He likes to have the window open, particularly as day collapses slowly into the smells and textures of night. First the traffic picks up, car by car, the way ice crackles and begins to break up in a frozen river. Soon it is the evening rush hour. A drop in temperature, and the hot, sizzling smell of afternoon thickens into a smoky exhaust cover that feels like an old wool blanket against his face. The traffic is the sound of the ocean with shouts and the occasional honk. In his mind they are like the keening calls of terns. He enjoys the beach.

Wind actually starts to move after the rush hour dribbles away into the steady pulse of night traffic. Night insects begin their rituals and radio shows to one another. He has a cricket outside his window. At least, he's pretty sure it's the same one night after night in the same spot. He heard you can tell the temperature by counting a cricket's chirps, but can't remember how it's done. Something with dividing and subtracting.

After spending four consecutive evenings sitting, motionless, by the window of a dying apartment smelling the dying day, he slowly comes to the knowledge that he might be slipping.
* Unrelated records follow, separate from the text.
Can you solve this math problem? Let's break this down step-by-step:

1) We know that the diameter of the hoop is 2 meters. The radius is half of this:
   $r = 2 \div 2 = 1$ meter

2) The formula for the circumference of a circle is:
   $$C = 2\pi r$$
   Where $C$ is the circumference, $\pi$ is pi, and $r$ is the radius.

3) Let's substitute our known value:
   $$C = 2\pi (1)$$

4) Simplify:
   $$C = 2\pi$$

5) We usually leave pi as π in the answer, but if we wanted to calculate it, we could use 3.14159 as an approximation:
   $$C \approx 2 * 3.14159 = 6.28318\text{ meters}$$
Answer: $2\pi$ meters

No, he does things in the mornings. He goes to bed when the sounds even out and the show is over. God, am I really thinking that way? He wakes up when the sun makes his bedroom too hot and he comes to consciousness sweating, the sheets tying his ankles together, arms flung across the scattered pillows, probably drooling, usually with his face smashed into the blankets or lying on his own balls or God knows what. He always has the fleeting sensation, before rationality resurfaces, that he'd just got laid. Take that, subconscious. You fuck me over all day long, but I get one punch before you come back to grab me by the throat again.

He does things. He always considers trying to make the bed, and every other day or so he starts to shake out the sheets, to find an edge, but the fucking things are rhombuses or octagons or something without rational sides no matter how many corners he counts between his fingers. Never mind. The bed stays in a chaotic shambles of nightmares and sweat and wrinkles permanently pressed by his fists, clutching, as he dreams.
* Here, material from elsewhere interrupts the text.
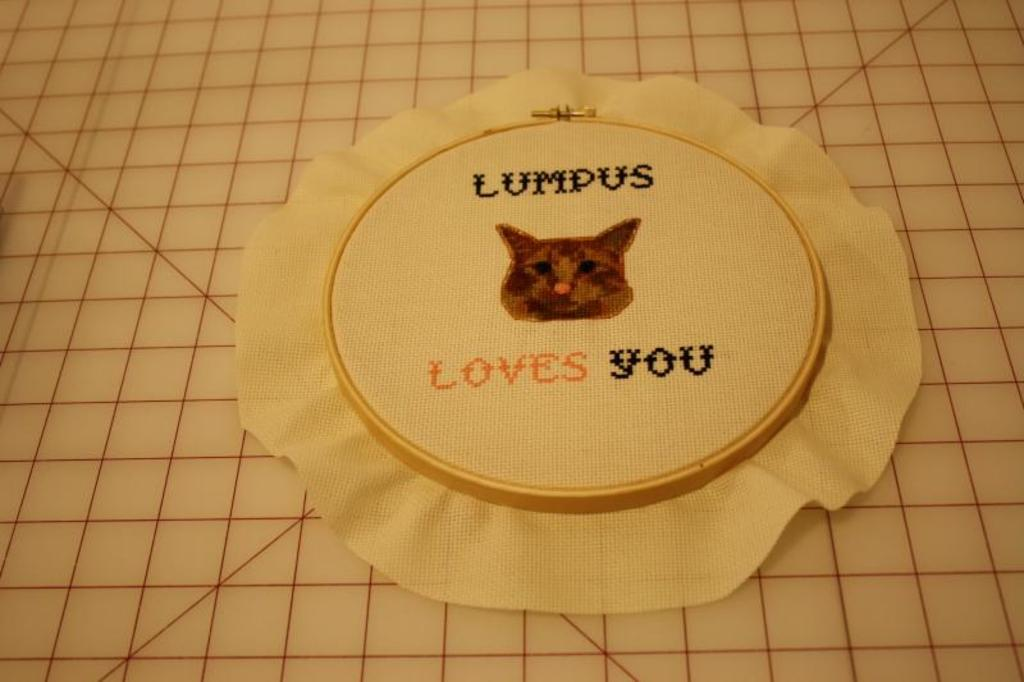What is the person holding in the image? The person is holding a skateboard in the image. What safety precaution is the person taking? The person is wearing a helmet in the image. Where is the person standing in relation to the water? The person is standing near the water in the image. What year is depicted in the image? The image does not depict a specific year; it shows a person holding a skateboard and wearing a helmet near the water.

Fifteen steps to the downstairs, hand palm-out at his shoulder but no longer needing to drag against the wall or even to tremble across it as his abused shins and toes cringe from anticipating another day's hard knocks. He can make coffee with only a reasonable amount of fumbling now. The smell soothes him, but the sound of it grumbling and popping in the carafe is better. He stands, head down, against the counter. His toes feel gritty on the kitchen floor.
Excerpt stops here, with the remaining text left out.